Irrespective of breed, a dog is just there to love and beg for food Photograph:( Others )
When it comes to dogs, most dog owners will talk about how each of their dogs, even the ones from the same breed, have different personalities and traits. To a dog parent, their fur babies will be the most adorable living things on the planet, irrespective of their breeds. Yet somehow, dog breeds have become a status symbol among Indians.
Owners of pet and people in general judge other humans on the rarity of the breed they've managed to acquire or the amount they've spent on them. Unfortunately, it doesn't stop at just owners, vets also have a preference for pedigree dogs, and there have been instances where they have not treated a dog as well as they should have because it was an Indian dog.
A WHO report in 2009 estimated that the street dog population in India was about 25 million though other surveys consider it much higher. There are several NGOs that work towards rescuing these stray animals, feeding them and getting them vaccinated. They also spay and neuter them to curb their population growth. Concerned citizens have also started drives but this needs community engagement that is often lacking.
Genetically Indian dogs tend to have fewer health problems than pure breeds, they live longer and are hardy. Pure-bred dogs, especially those that come from dog farms, often suffer health issues because of inbreeding.
Pure-bred dogs, especially those that come from dog farms, often suffer health issues because of inbreeding.
The pet industry in India is growing fast. According to the India International Pet Trade Fair, pet care registered a growth of 24 per cent in 2012 and expected to grow much more in the coming years. With the GDP per capita increasing as well, India is no longer going to be the land of Pomeranians called Tommy, but exotic ones like Cane Corsos and Anatolian Shepherds. These dogs are expensive and usually have to be imported. Upkeep and care are costly too.
Moreover, for dogs that are used to colder climates, such as the Saint Bernards, the Indian summer can be harsh and cruel. Living in such climate, these dogs often end up in severe dehydration and heat-related illnesses. And all the while there are dogs in shelters and even on the streets that are perfectly suited to the weather with fewer health issues and longer life spans.
At the end of the day, a dog is a dog, and there are too many of them who are starving, homeless and looking for people to love. Yet even self-professed dog lovers will stay away from the strays surrounding their homes. They even keep their own dogs away from them because they consider the street dogs to be a lesser being.
Unlike humans, a dog doesn't recognise breeds; the purest breed will be just as happy playing with a mongrel as it would with a fellow pure breed. The idea of breeds is, after all, human-made.
And the idea that intelligence is higher among the pedigree dogs is also erroneous. Dog intelligence is reduced as a result of domestication, dogs that have had to live on the streets would have developed survival skills, including intelligence, for their best chance of survival.
Dogs that have had to live on the streets would have developed survival skills, including intelligence, for their best chance of survival.
I have two Indian dogs, the older one was adopted through Red Paws Rescue, an excellent NGO working to help stray dogs in Delhi. The younger one I rescued off the street because he had been attacked and needed urgent care. To me they are amazing, their names – Artemis and Ares, should give an indication of just how highly I think of them. Their purpose is not to show off my status, but rather to fill my heart and home with love. Filled with fervour and enthusiasm, my pets are dedicated to me.
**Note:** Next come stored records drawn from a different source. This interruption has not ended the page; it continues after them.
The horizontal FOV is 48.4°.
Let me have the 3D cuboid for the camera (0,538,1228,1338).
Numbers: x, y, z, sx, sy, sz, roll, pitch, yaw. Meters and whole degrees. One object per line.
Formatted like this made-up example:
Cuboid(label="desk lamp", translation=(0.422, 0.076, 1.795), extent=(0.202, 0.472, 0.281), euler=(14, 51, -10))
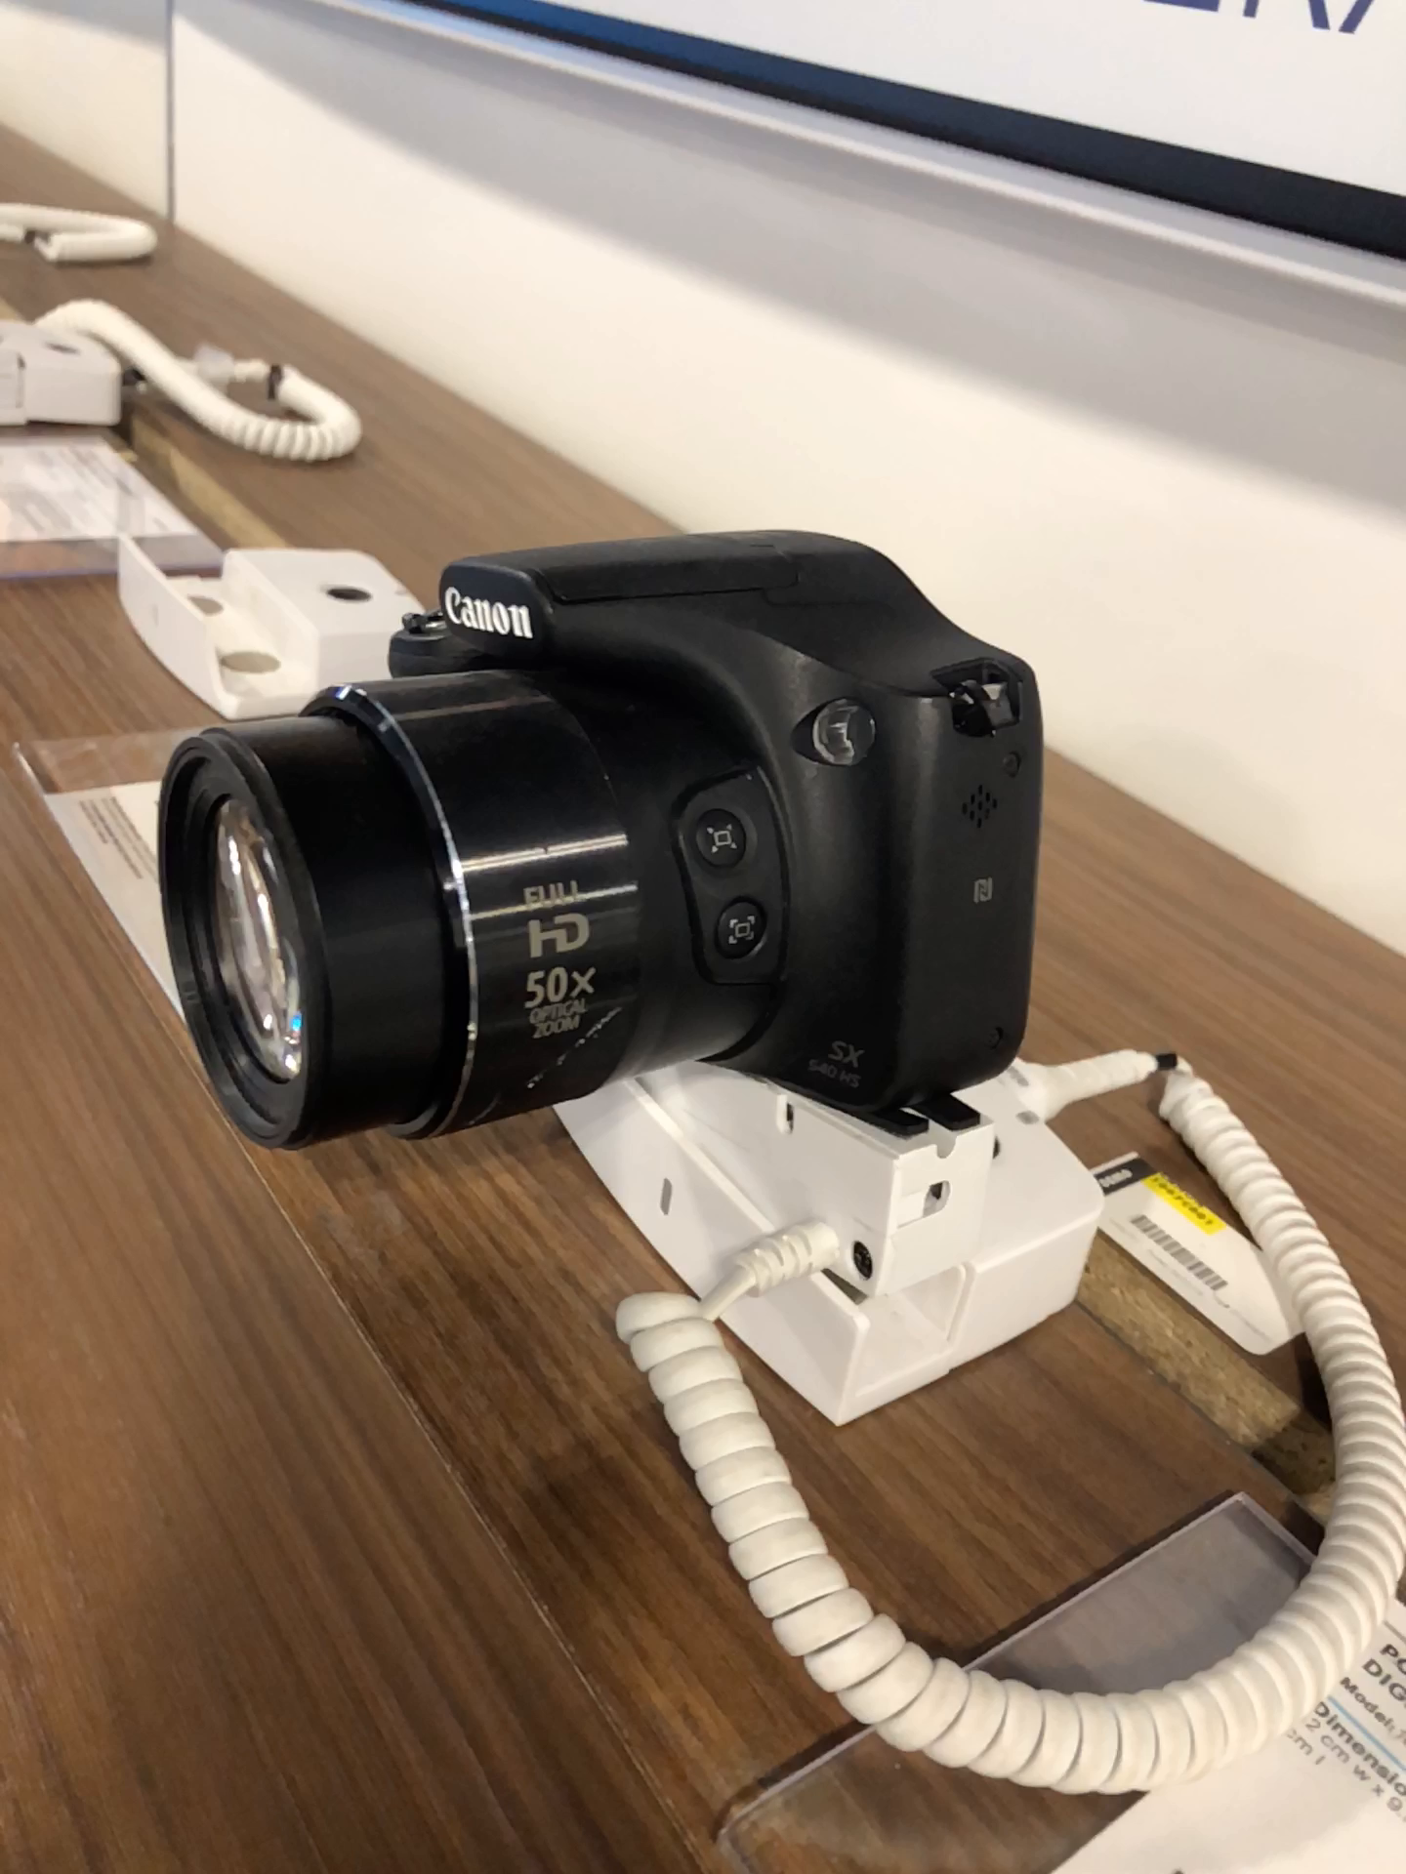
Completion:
Cuboid(label="camera", translation=(-0.018, -0.020, 0.248), extent=(0.140, 0.070, 0.130), euler=(-14, 23, -37))
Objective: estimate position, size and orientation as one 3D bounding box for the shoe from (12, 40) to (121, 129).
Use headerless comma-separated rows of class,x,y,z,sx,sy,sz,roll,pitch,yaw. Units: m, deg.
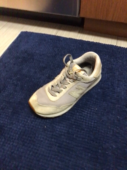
shoe,0.015,-0.016,0.423,0.281,0.099,0.130,-28,56,-20

Often people would stop me when I would go out for a walk with them, asking why I have 'desi' dogs as pets. Unasked, they tell me (not suggest) that I should buy a Labrador or a German Shephard instead. These days I would just nod and walk away. Even a few years ago, I was naive enough to ask them why they thought that way and where they thought my lowly Indian breeds were lacking.
Questions that were met with silence on most days.
Vets also have these perceptions, on looking at my dog several vets told me I would be better adopting the pedigree dog they happened to be selling at the time. One vet gave my dog her booster shots so badly that she ended up with lumps at the injection site and this is despite me being a paying customer.
We have similar preferences for cats too, people would spend lakhs to buy a cat but turn their noses up at the strays. It isn't just the buying of dogs that is a problem, so many of the purest breeds are abandoned because their owners do not want to deal with them getting sick, pregnant or old.
It is almost as if our predisposition to discrimination comes out with breeds of dogs and cats because that is socially acceptable. But really, a dog is just there to love and beg for food and those two qualities are common across breeds.